Software Project risks refer to the budget and progress problems encountered during software development and the impact of these problems on software projects. Software Project risks may affect the implementation of the project plan. If the project risk becomes a reality, it may affect the project progress, increase the project cost, or even make the software project impossible. If you manage project risks, you can minimize the risk. However, software enterprises in China are not very concerned about the risk management of software projects. As a result, software projects are regularly postponed, budget exceeded, or even fail. Successful project management generally manages project risks well. Therefore, risk management should be an important part of software project management in any system development project. [1]

There are a variety of risk management methods and tools in project risk management. software project management can minimize software project risks only by finding and applying the most suitable methods and tools to risk management, promote project success.

2. Project Risk Management

Project Risk management refers to the science and art of identifying, allocating, and coping with risks within the project life cycle in order to achieve the best project objectives. The goal of project risk management is to maximize potential opportunities or returns and minimize potential risks. Risk management involves the following main processes: risk identification, risk quantification, risk response plan formulation and risk monitoring, as shown in [2] [3]. Risk identification should be carried out at the beginning of the project and should be carried out continuously during project execution. That is to say, risk identification is a continuous process throughout the project's lifecycle.
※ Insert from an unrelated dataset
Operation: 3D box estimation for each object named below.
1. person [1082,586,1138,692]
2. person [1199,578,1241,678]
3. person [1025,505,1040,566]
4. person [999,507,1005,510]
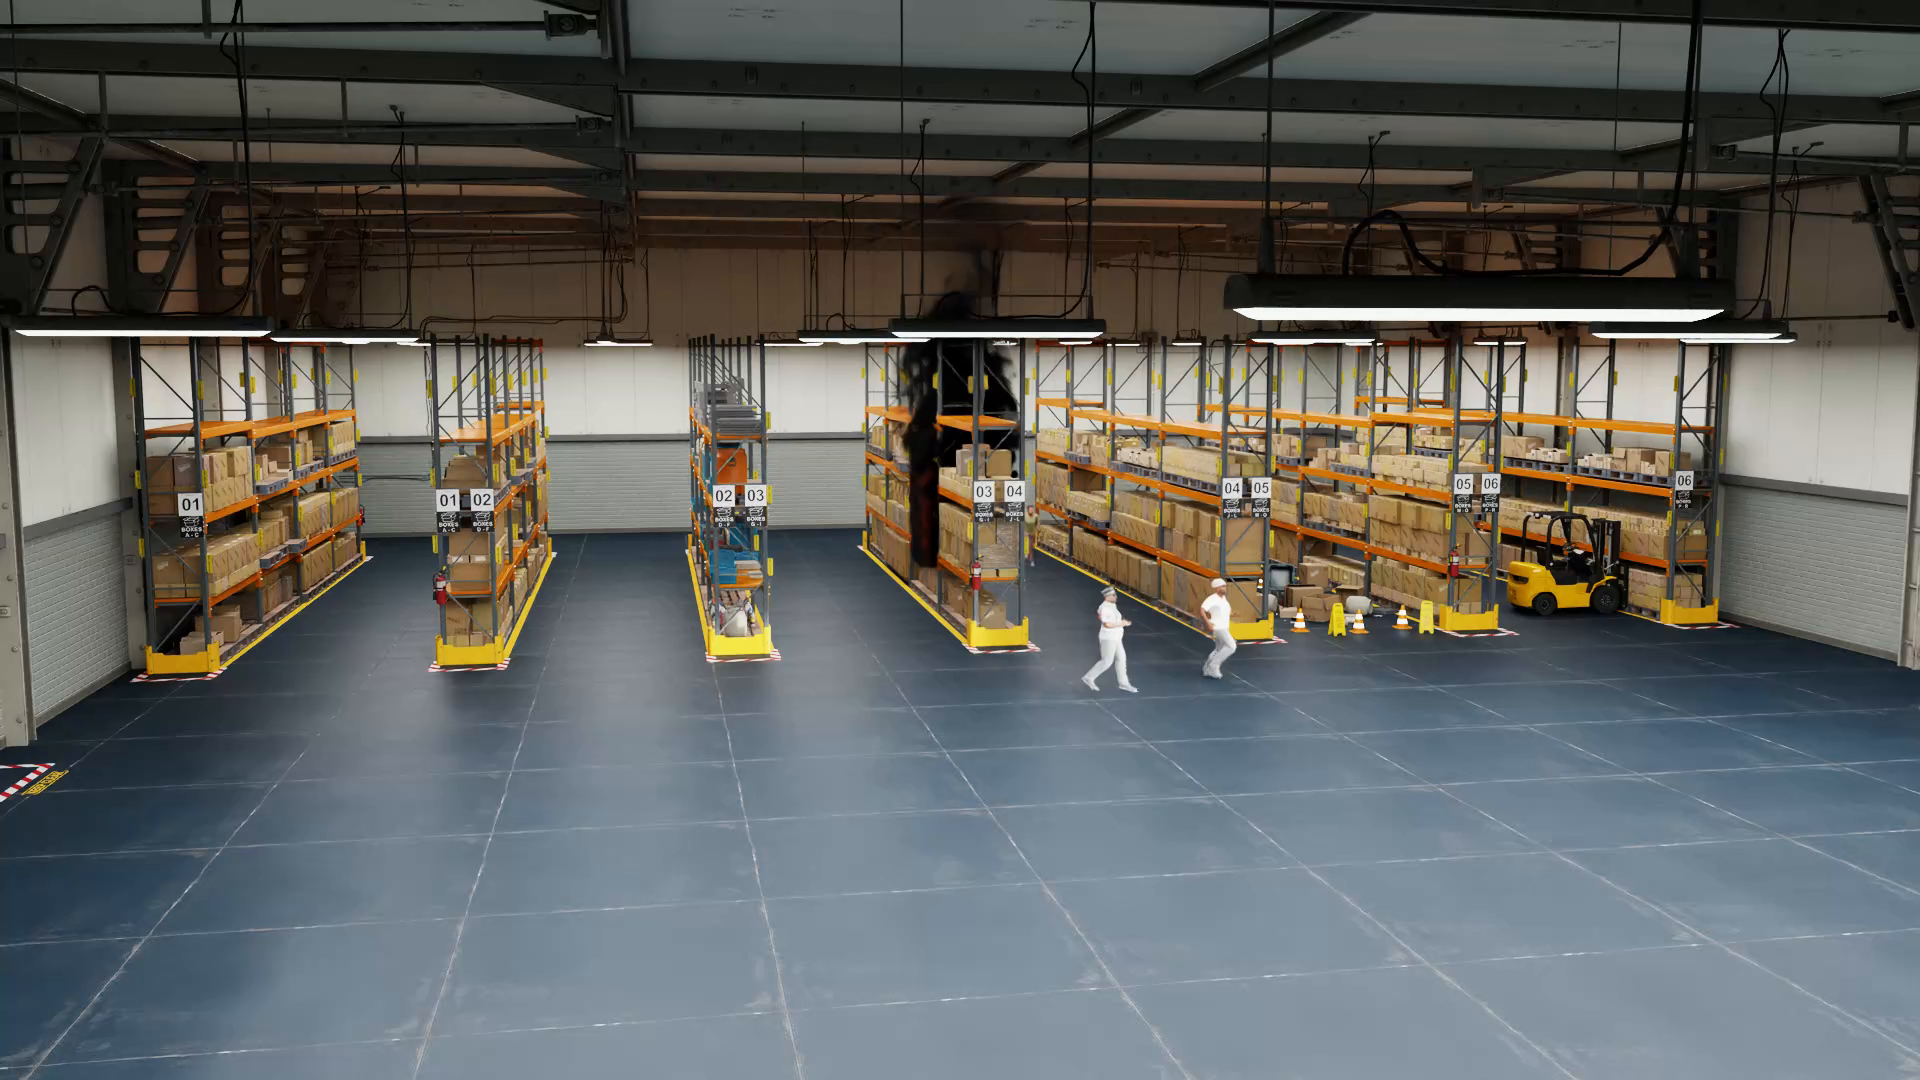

Figure 1 project risk management process

(1) Risk Identification: Risk Identification includes determining the source and conditions of risks, describing their risk characteristics, and determining which risk events may affect the project. Risk identification is not a task that can be completed once. It should be conducted regularly from beginning to end of the project.

(2) Risk Quantification: An Evaluation of the interaction between risks and risks is a process to measure the impact of risk probability and risk on the project objectives. The basic content of risk quantification is to determine which events need to develop countermeasures ..
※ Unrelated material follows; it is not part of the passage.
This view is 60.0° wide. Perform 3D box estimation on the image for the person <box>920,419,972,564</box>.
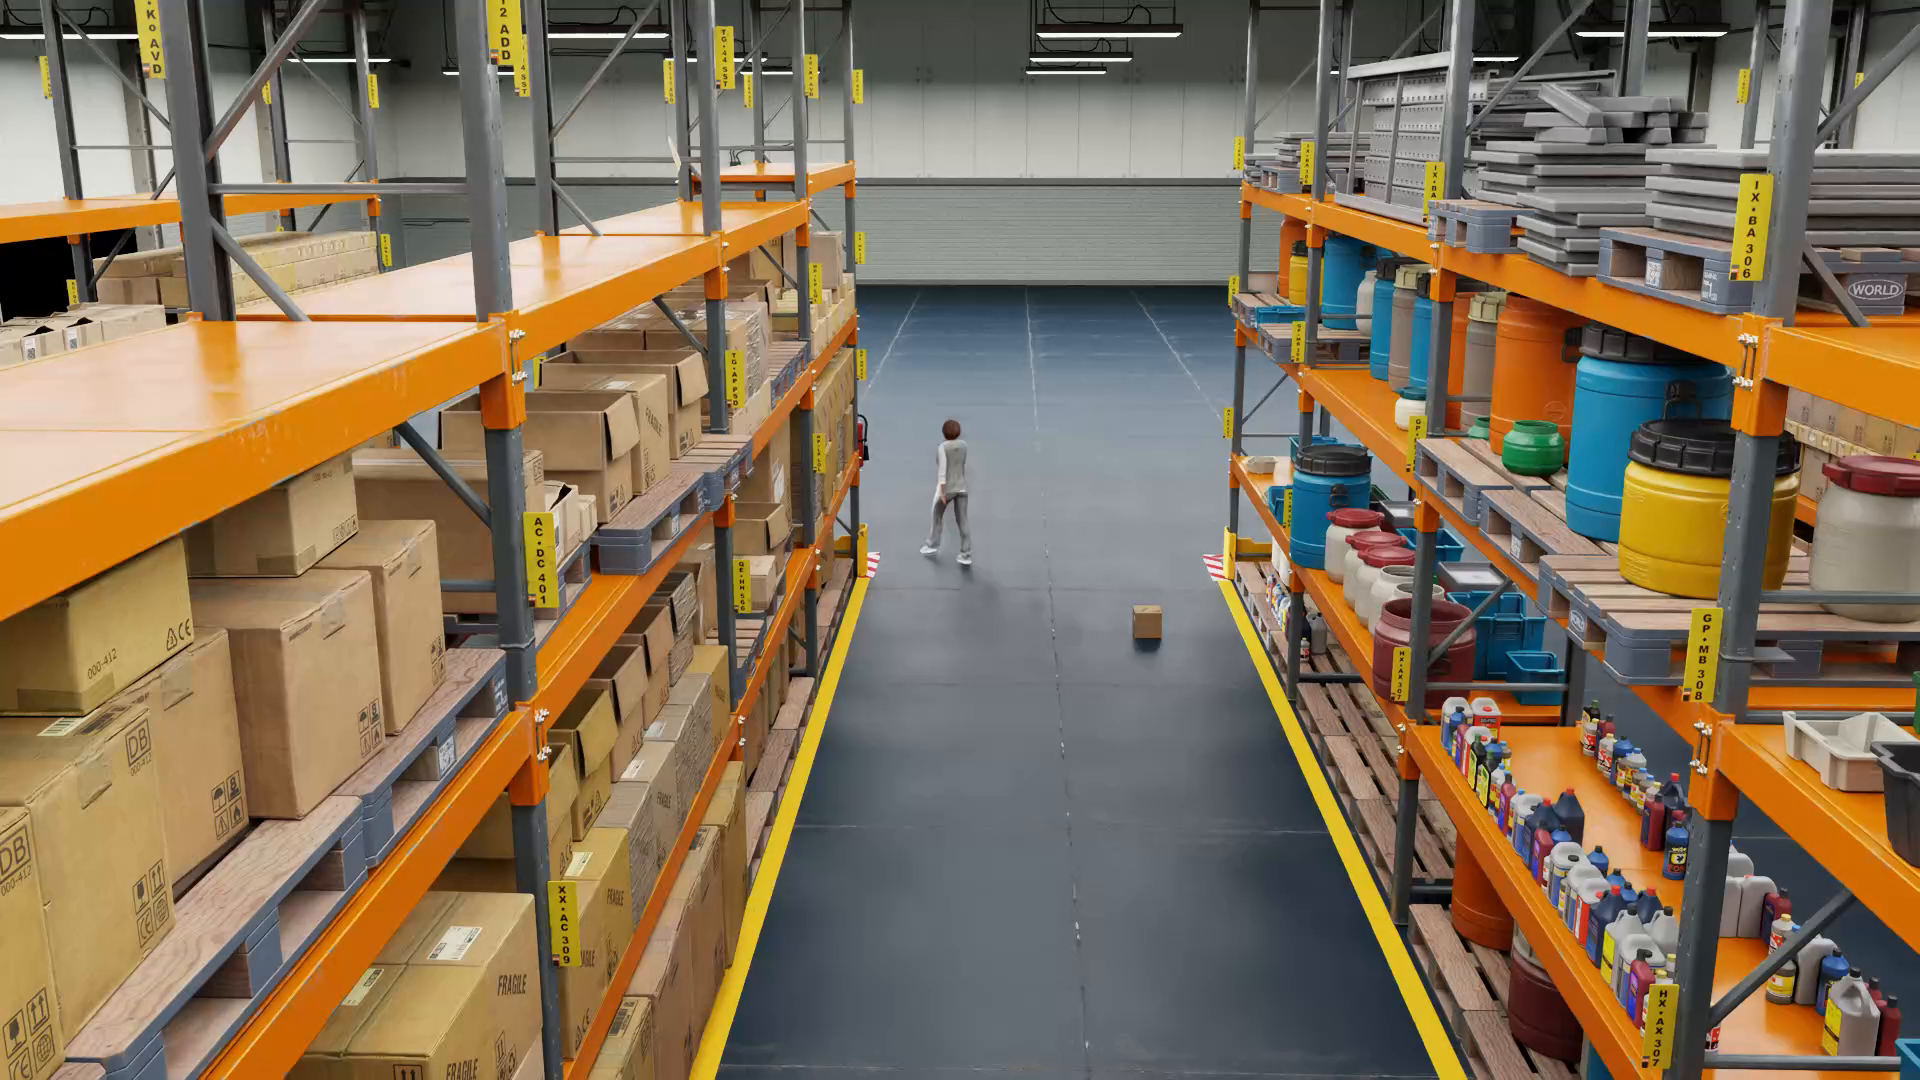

(3) risk response plan formulation: the process of formulating risk response policies and technical measures to reduce the negative effects of project risks based on the risk quantification results. Based on the risk management plan, risk sorting, and risk cognition, the risk response plan, residual risks, secondary risks, and other processes are provided.

(4) Risk Monitoring: it involves coping with risks throughout the project management process. The output of this process includes the rectification measures to cope with risks and updates of the risk management plan.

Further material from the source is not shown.